Sterling's sharp plummet in the wake of the EU referendum last June has only made it a more compelling opportunity, says the managing director of a long-established currency hedge fund.
"We're very constructive on sterling. We were bullish on the U.K. economy prior to Brexit and the lower sterling levels have just made it more attractive as entry levels. We do expect sterling to perform well throughout 2017 and also into 2018 if it looks like the momentum on the negotiations is going favorably," Mark Farrington, managing director at Macro Currency Group, told CNBC on the sidelines of the Investors' Choice Awards in London on Thursday evening.
"There has been a lot of hysteria around the negative side of the story and not as much energy invested in looking at the potential positive surprises. More than likely that research will be done this year so I think you'll start to see everything from the think tanks to the political parties themselves starting to emphasise the potential for positive surprises and the market will take the cue from that," he added.
Farrington revealed that his team had used the currency's multiple wobbles during the previous nine months to add to its position and were looking for sterling to achieve a range of $1.30 - $1.35 in the nearer-term before delivering an eventual full reversion to pre-Brexit vote starting levels, around the $1.50 mark.
Looking at the other side of the coin, the long-term macro hedge fund specialist told CNBC that although the dollar is overvalued, the fundamentals which have produced that dynamic have not changed recently.
"It's a very late cycle bull market in the U.S. dollar. We believe this is one of the dollar supercycles that we've seen typically over the last 40 years that lasts from 5 – 6 and sometimes up to 8 years," he posited, adding that the currency's strength reflected both structural and cyclical push factors.
"It will be a dollar overshoot by the end of the day and if the fundamentals remain in place, it is unlikely to resolve itself through a change in economic fundamentals. It could very well take another coordinated political intervention to reverse this dollar-up trend," added Farrington, pointing to the Plaza Accord of 1985 as an example of such an intervention.

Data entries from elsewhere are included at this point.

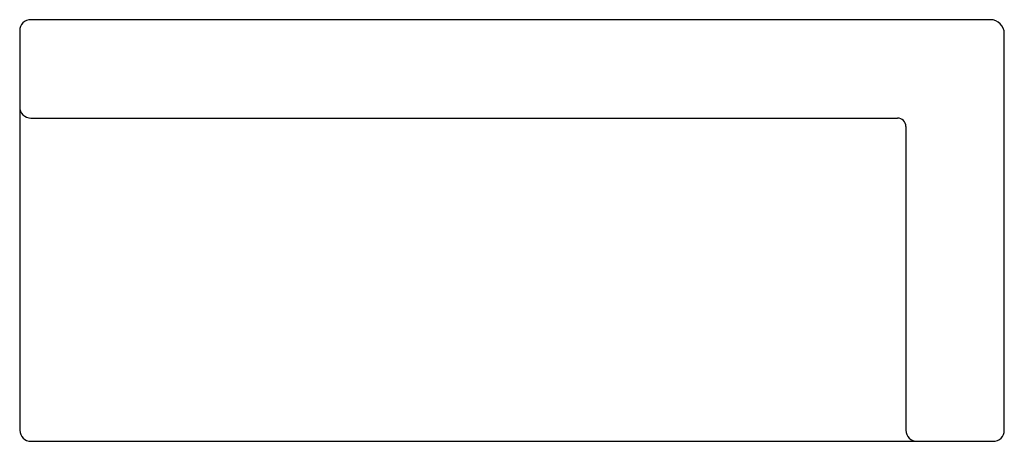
# Model space of a CAD drawing. Header units: millimetres. Extents: x 1067.79 to 1068.14, y 1065.398 to 1065.548.
import ezdxf

# ---------------------------------------------------------------- set-up
doc = ezdxf.new("R2010")
doc.units = ezdxf.units.MM
doc.layers.add('SANINDUSA', color=3, linetype='Continuous')

msp = doc.modelspace()

# ---------------------------------------------------------------- linework, layer by layer
at = {"layer": 'SANINDUSA'}
for p, q in [((1068.134780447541, 1065.54781040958), (1067.793780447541, 1065.54781040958)), ((1067.789780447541, 1065.54381040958), (1067.789780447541, 1065.51681040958)), ((1068.139780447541, 1065.40181040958), (1068.139780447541, 1065.54281040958)), ((1067.789780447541, 1065.51681040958), (1067.789780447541, 1065.510024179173)), ((1067.793780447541, 1065.51281040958), (1068.101780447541, 1065.51281040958)), ((1067.789780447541, 1065.510024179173), (1067.789805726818, 1065.401759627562)), ((1068.104780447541, 1065.50981040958), (1068.104780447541, 1065.40181040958)), ((1067.793780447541, 1065.39781040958), (1068.101780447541, 1065.39781040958)), ((1067.820016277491, 1065.39781040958), (1068.094544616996, 1065.39781040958)), ((1068.101780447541, 1065.39781040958), (1068.108780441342, 1065.39781040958)), ((1068.108780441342, 1065.39781040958), (1068.135780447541, 1065.39781040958))]:
    msp.add_line(p, q, dxfattribs=at)
for centre, radius, start, end in [((1067.793780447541, 1065.54381040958), 0.003999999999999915, 90, 180), ((1068.134780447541, 1065.54281040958), 0.005, 0, 90), ((1067.793780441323, 1065.516810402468), 0.00399999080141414, 179.9998588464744, 270.0000344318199), ((1068.101780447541, 1065.50981040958), 0.002999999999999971, 0, 90), ((1067.793780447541, 1065.401785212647), 0.003974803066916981, 180.3688050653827, 270.3642988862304), ((1068.108780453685, 1065.401810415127), 0.004000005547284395, 180.0000767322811, 269.9998232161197), ((1068.135780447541, 1065.40181040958), 0.004000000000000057, 270, 0)]:
    msp.add_arc(centre, radius, start, end, dxfattribs=at)

doc.saveas('drawing.dxf')
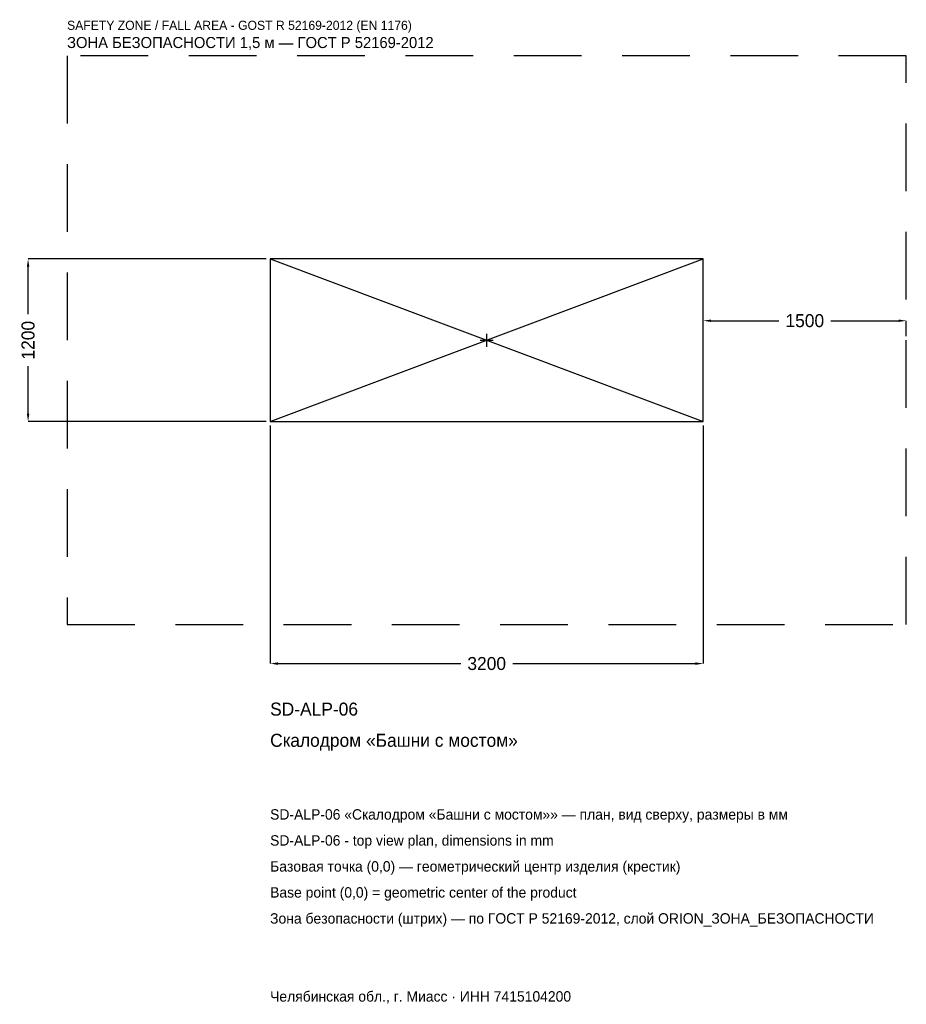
# Model space of a CAD drawing. Header units: metres. Extents: x -3450 to 3100, y -4904 to 2367.
import ezdxf

# ---------------------------------------------------------------- set-up
doc = ezdxf.new("R2010")
doc.units = ezdxf.units.M
doc.linetypes.add('DASHED', pattern=[800, 500, -300])
for name, color, linetype in [('ЗСК_ДАННЫЕ', 3, 'Continuous'), ('ЗСК_ЗОНА_БЕЗОПАСНОСТИ', 1, 'Continuous'), ('ЗСК_КОНТУР', 7, 'Continuous'), ('ЗСК_РАЗМЕРЫ', 8, 'Continuous')]:
    doc.layers.add(name, color=color, linetype=linetype)
doc.dimstyles.new('ORION', dxfattribs={"dimtxt": 96, "dimasz": 57.6, "dimexe": 1.25, "dimexo": 28.8, "dimtad": 1, "dimdec": 0, "dimcen": 2.5, "dimazin": 3, "dimtfac": 1, "dimtmove": 0, "dimatfit": 3})

# ---------------------------------------------------------------- blocks, each defined once
blk = doc.blocks.new('_CLOSEDFILLED')
at = {"color": 0, "linetype": 'BYBLOCK'}
blk.add_solid([(-1, 0.16), (0, 0), (-1, -0.16)], dxfattribs=at)
blk = doc.blocks.new('*D1')
for p, q in [((-1600, -628.8), (-1600, -2388)), ((1600, -628.8), (1600, -2388)), ((-1542.4, -2388), (-192, -2388)), ((192, -2388), (1542.4, -2388))]:
    blk.add_line(p, q)
at = {"layer": 'Defpoints'}
for p in [(-1600, -600), (1600, -600), (-1600, -2388)]:
    blk.add_point(p, dxfattribs=at)
at = {"layer": 'ЗСК_РАЗМЕРЫ', "xscale": 57.599999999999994, "yscale": 57.599999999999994, "rotation": 180}
blk.add_blockref('_CLOSEDFILLED', (-1600, -2388), dxfattribs=at)
at = {"layer": 'ЗСК_РАЗМЕРЫ', "xscale": 57.599999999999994, "yscale": 57.599999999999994}
blk.add_blockref('_CLOSEDFILLED', (1600, -2388), dxfattribs=at)
at = {"layer": 'ЗСК_РАЗМЕРЫ', "insert": (0, -2388), "char_height": 96, "attachment_point": 5}
blk.add_mtext('3200', dxfattribs=at)
blk = doc.blocks.new('*D2')
for p, q in [((-1628.8, 600), (-3388, 600)), ((-3388, 192), (-3388, 542.4)), ((-3388, -542.4), (-3388, -192)), ((-1628.8, -600), (-3388, -600))]:
    blk.add_line(p, q)
at = {"layer": 'Defpoints'}
for p in [(-1600, 600), (-3388, -600), (-1600, -600)]:
    blk.add_point(p, dxfattribs=at)
at = {"layer": 'ЗСК_РАЗМЕРЫ', "xscale": 57.599999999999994, "yscale": 57.599999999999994}
for p, rotation in [((-3388, 600), 90), ((-3388, -600), 270)]:
    blk.add_blockref('_CLOSEDFILLED', p, dxfattribs=dict(at, rotation=rotation))
at = {"layer": 'ЗСК_РАЗМЕРЫ', "insert": (-3388, 0), "char_height": 96, "attachment_point": 5, "rotation": 90}
blk.add_mtext('1200', dxfattribs=at)
blk = doc.blocks.new('*D3')
for p, q in [((1600, 28.8), (1600, 144)), ((1657.6, 144), (2158, 144)), ((2542, 144), (3042.4, 144)), ((3100, 28.8), (3100, 144))]:
    blk.add_line(p, q)
at = {"layer": 'Defpoints'}
for p in [(1600, 144), (1600, 0), (3100, 0)]:
    blk.add_point(p, dxfattribs=at)
at = {"layer": 'ЗСК_РАЗМЕРЫ', "xscale": 57.599999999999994, "yscale": 57.599999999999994, "rotation": 180}
blk.add_blockref('_CLOSEDFILLED', (1600, 144), dxfattribs=at)
at = {"layer": 'ЗСК_РАЗМЕРЫ', "xscale": 57.599999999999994, "yscale": 57.599999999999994}
blk.add_blockref('_CLOSEDFILLED', (3100, 144), dxfattribs=at)
at = {"layer": 'ЗСК_РАЗМЕРЫ', "insert": (2350, 144), "char_height": 96, "attachment_point": 5}
blk.add_mtext('1500', dxfattribs=at)
blk = doc.blocks.new('ОРИОН SD-ALP-06 Скалодром Башни с мостом')
at = {"layer": 'ЗСК_ЗОНА_БЕЗОПАСНОСТИ', "linetype": 'DASHED'}
blk.add_lwpolyline([(-3100, -2100), (3100, -2100), (3100, 2100), (-3100, 2100)], close=True, dxfattribs=at)
at = {"layer": 'ЗСК_КОНТУР'}
for p, q in [((-1600, -600), (1600, 600)), ((-1600, 600), (1600, -600))]:
    blk.add_line(p, q, dxfattribs=at)
blk.add_lwpolyline([(-1600, -600), (1600, -600), (1600, 600), (-1600, 600)], close=True, dxfattribs=at)
at = {"layer": 'ЗСК_РАЗМЕРЫ'}
for p, q in [((-48, 0), (48, 0)), ((0, -48), (0, 48))]:
    blk.add_line(p, q, dxfattribs=at)
at = {"layer": 'ЗСК_ДАННЫЕ'}
for tag, p in [('АРТИКУЛ', (-1600, -2772)), ('НАИМЕНОВАНИЕ', (-1600, -3002.4))]:
    blk.add_attdef(tag, p, '', height=96, dxfattribs=at)
at = {"layer": 'ЗСК_ДАННЫЕ', "flags": 1}
for tag, p in [('ПРОИЗВОДИТЕЛЬ', (-1600, -3232.8)), ('ТЕЛЕФОН', (-1600, -3463.2)), ('САЙТ', (-1600, -3924)), ('АДРЕС', (-1600, -4154.4)), ('РЕКВИЗИТЫ', (-1600, -4384.8)), ('ГАБАРИТЫ', (-1600, -4615.2)), ('ЗОНА_БЕЗОПАСНОСТИ', (-1600, -4845.6))]:
    blk.add_attdef(tag, p, '', height=96, dxfattribs=at)
at = {"layer": 'ЗСК_ЗОНА_БЕЗОПАСНОСТИ', "color": 1}
for s, height, p in [('SAFETY ZONE / FALL AREA - GOST R 52169-2012 (EN 1176)', 67.2, (-3100, 2292)), ('ЗОНА БЕЗОПАСНОСТИ 1,5 м — ГОСТ Р 52169-2012', 81.6, (-3100, 2157.6))]:
    blk.add_text(s, height=height, dxfattribs=at).set_placement(p)
at = {"layer": 'ЗСК_РАЗМЕРЫ'}
dim = blk.add_linear_dim(base=(-3388, -600), p1=(-1600, -600), p2=(-1600, 600), angle=90, dimstyle='ORION', dxfattribs=at)
dim.commit()
dim.dimension.update_dxf_attribs({"geometry": '*D2', "text_midpoint": (-3388, 0)})
for base, p1, p2, picture, middle in [((1600, 144), (1600, 0), (3100, 0), '*D3', (2350, 144)), ((-1600, -2388), (-1600, -600), (1600, -600), '*D1', (0, -2388))]:
    dim = blk.add_linear_dim(base=base, p1=p1, p2=p2, dimstyle='ORION', dxfattribs=at)
    dim.commit()
    dim.dimension.update_dxf_attribs({"geometry": picture, "text_midpoint": middle})

msp = doc.modelspace()

# ---------------------------------------------------------------- block references
msp.add_blockref('ОРИОН SD-ALP-06 Скалодром Башни с мостом', (0, 0)).add_auto_attribs({'АРТИКУЛ': 'SD-ALP-06', 'НАИМЕНОВАНИЕ': 'Скалодром «Башни с мостом»'})

# ---------------------------------------------------------------- texts
at = {"layer": 'ЗСК_ДАННЫЕ', "color": 3}
for s, p in [('SD-ALP-06 «Скалодром «Башни с мостом»» — план, вид сверху, размеры в мм', (-1600, -3540)), ('SD-ALP-06 - top view plan, dimensions in mm', (-1600, -3732)), ('Челябинская обл., г. Миасс · ИНН 7415104200', (-1600, -4884))]:
    msp.add_text(s, height=76.8, dxfattribs=at).set_placement(p)
at = {"layer": 'ЗСК_ДАННЫЕ', "color": 7}
for s, p in [('Базовая точка (0,0) — геометрический центр изделия (крестик)', (-1600, -3924)), ('Base point (0,0) = geometric center of the product', (-1600, -4116))]:
    msp.add_text(s, height=76.8, dxfattribs=at).set_placement(p)
at = {"layer": 'ЗСК_ДАННЫЕ', "color": 1}
msp.add_text('Зона безопасности (штрих) — по ГОСТ Р 52169-2012, слой ORION_ЗОНА_БЕЗОПАСНОСТИ', height=76.8, dxfattribs=at).set_placement((-1600, -4308))

doc.saveas('drawing.dxf')

Highlighting the ongoing divergence in the interest rate trajectories of the U.S. and its main trading partners, the macro-focused investor unpicked the key factors driving the euro to its current valuation level.
"We think the euro is close to fair value but should be trading cheap to fair value because of a number of fundamental weaknesses and the unresolved stress on monetary union itself," argued Farrington, noting the uncharacteristic rapidity with which the European Central Bank (ECB) intervened this month to reverse a run-up in the currency after the market interpreted the central bank's message as more hawkish than it had apparently intended.
Farrington has a long and distinguished track record as a discretionary macro trader and while his fund incorporates computer strategies into its investing process as an aide to decipher and act on longer-term trends, he believes there continues to be a clear role for humans in the investing game, despite the rise of both passive and artificial intelligence trends in the asset management world.
"We're still quite a long ways off before machine learning is advanced enough to replace the discretionary fund manager because everything that we do is forward-looking, we're predicting structural breaks, political events," he explained.
"By definition, machine learning is a momentum concept…so it is always lagging."